Thank you for the information. I mis-read the information on TheVerge article. They were referring to the commercial skipping function only working on recorded content.

If you don't mind, I have two more questions..

1) Do you recommend that I get the 1 TB version of the TiVO Bolt or will 500 GB suffice? I don't usually DVR a lot, but perhaps that will change with the TiVO.

2) What information do I need to provide Comcast to receive a cable card that will work properly for my TiVo Bolt? Should I buy the TiVo Bolt first? Do I need to provide them with a serial number, or anything like that from the TiVo Bolt?

Thank you in advance for all the help!


----------



## jrtroo (Feb 4, 2008)

If you are at all clever you can update the drive as you want. So, I would so small and upgrade yourself if needed.

Just call them up or go to a retail location. There is only one kind of card you can pick up these days. With both the card and the bolt, you need to call them and read off numbers for them to pair.


----------



## TonyD79 (Jan 4, 2002)

Right now there is a $70 difference between the two bolt models in Amazon. For $70, I'd go with the bigger drive just to be save unless money is very tight. 

You could expand later but it seems lately TiVo is rejecting support with modified drives and the price point is petty good.


----------



## tarheelblue32 (Jan 13, 2014)

Just a word of caution on upgrading the hard drive on the Bolt yourself, doing it will technically void the warranty.


----------



## mark1958 (Feb 13, 2005)

TonyD79 said:


> Right now there is a $70 difference between the two bolt models in Amazon. For $70, I'd go with the bigger drive just to be save unless money is very tight.
> 
> You could expand later but it seems lately TiVo is rejecting support with modified drives and the price point is petty good.


I'm with Tony get the 1Tb unit for the money you can't beat it, If you upgrade it your self and have a problem Tivo will know you tampered with the unit,
and may or may not honor the warranty. (when it calls home it reports changes like HD upgrades hard to hide it)


----------



## jrtroo (Feb 4, 2008)

tarheelblue32 said:


> Just a word of caution on upgrading the hard drive on the Bolt yourself, doing it will technically void the warranty.

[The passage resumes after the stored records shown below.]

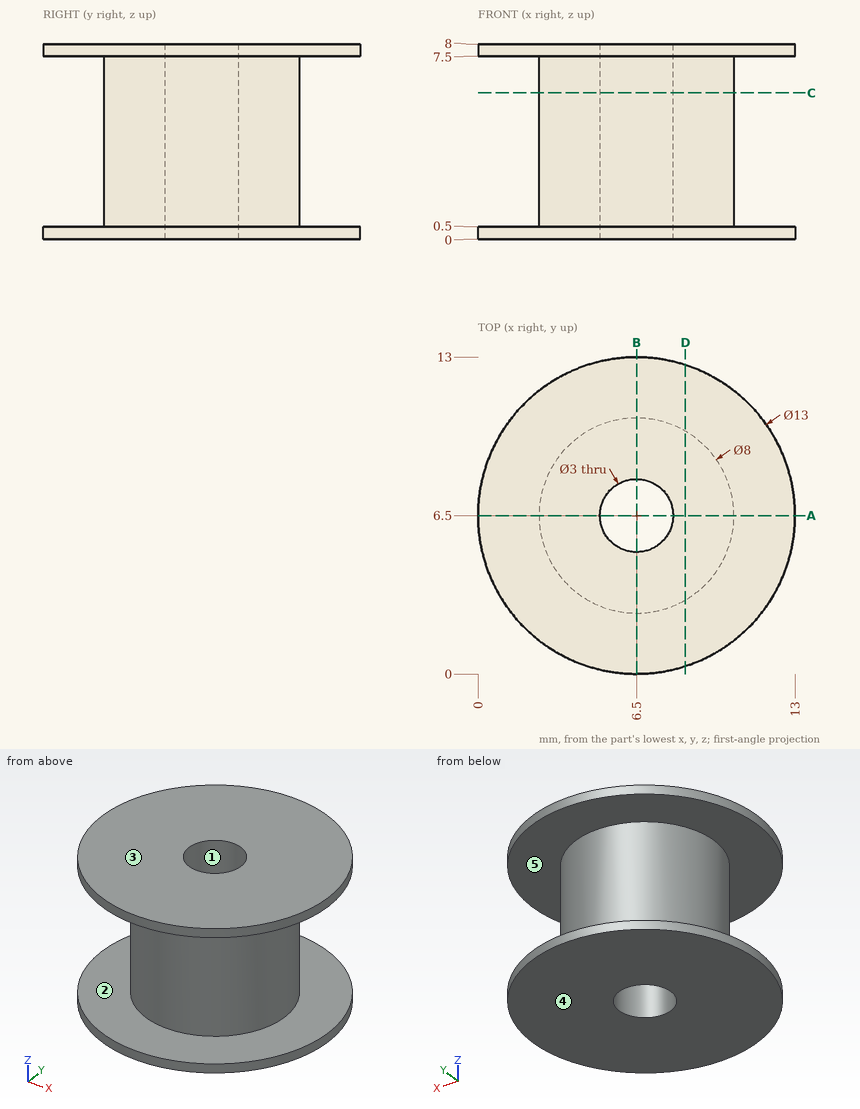
Geometry: see drawing. Coordinates: mm, zero at the bounding-box minimum. A direction names the side the tool comes from. Give positions to 0.01 mm unless a question says otherwise; leave off trailing zeros. Order: outer loops, then holes, each group sorted by start corner. A loop starts at its lowest first (then second) coordinate and runs counter-clockwise, first axis right, second up. Notation, with made-up numbers: (-12, 87) - (-4, 87) arc R34 cw to (-4, 125) - close; hole circle Ø1 at (20, 42.5). An arc over 180 degrees is marked (long way). Write each question's results on one line, items separated by ' | '.
Item 1: Draft query along Z for the marked faces 1, 2 and 3. Return one class per face: released by +Z, released by -Z, zero draft, split by the parting line, or undercut.
A:
face 1: zero draft | face 2: undercut | face 3: released by +Z
Item 2: Section C-C (z = 6). Return loops of the section in (x, y).
A:
outline: circle Ø8 at (6.5, 6.5); hole circle Ø3 at (6.5, 6.5)
Item 3: Section D-D (x = 8.5). Return loops of the section in (y, z), and give its area (3 significant figures).
A:
outline: (0.32, 0) - (12.68, 0) - (12.68, 0.5) - (9.96, 0.5) - (9.96, 7.5) - (12.68, 7.5) - (12.68, 8) - (0.32, 8) - (0.32, 7.5) - (3.04, 7.5) - (3.04, 0.5) - (0.32, 0.5) - close | area: 60.9 mm^2
Item 4: Material intervals for line 1 along Y through (x, z) = (6.5, 4); line 2 along Z through (x, y) = (3, 1.5); line 3 along X through (y, z) = (6, 3), sorted ascending.
A:
line 1: y = 2.5 to 5, 8 to 10.5 | line 2: z = 0 to 0.5, 7.5 to 8 | line 3: x = 2.53 to 5.09, 7.91 to 10.47
Item 5: Contact query for flat-ended pins moving along their axis: pin 1 Ø1 at (x, z) = (7.5, 2) entering from +Y; pin 2 Ø1.5 at (x, y) = (6, 2.5) entering from -Z. Output: stop coordinate, or through.
A:
pin 1: stops at y = 10.47 | pin 2: stops at z = 0
Item 6: Access query for the marked faces 4 and 5. Directions: +Z, -Z, +X, -X, +Y, -Y. A direction counts if a zero-diameter tool reaches every point of the face in a straight line with its end or side. Return the directions, or none.
A:
face 4: -Z, +X, -X, +Y, -Y | face 5: none
Item 7: Section A-A (y = 6.5). Return loops of the section in (x, z), and give its area (3 significant figures).
A:
outline: (0, 0) - (5, 0) - (5, 8) - (0, 8) - (0, 7.5) - (2.5, 7.5) - (2.5, 0.5) - (0, 0.5) - close; (8, 0) - (13, 0) - (13, 0.5) - (10.5, 0.5) - (10.5, 7.5) - (13, 7.5) - (13, 8) - (8, 8) - close | area: 45.0 mm^2

If having issues with an upgraded box, putting the original drive in normally suffices. They *could* check the logs, but I've never heard that happening.


----------



## rainwater (Sep 21, 2004)

jrtroo said:


> If having issues with an upgraded box, putting the original drive in normally suffices. They *could* check the logs, but I've never heard that happening.


Recent reports on this forum have seen several users denied support even if replacing the original drive. It certainly is rare but it is possible it is a new position TiVo is taking.


----------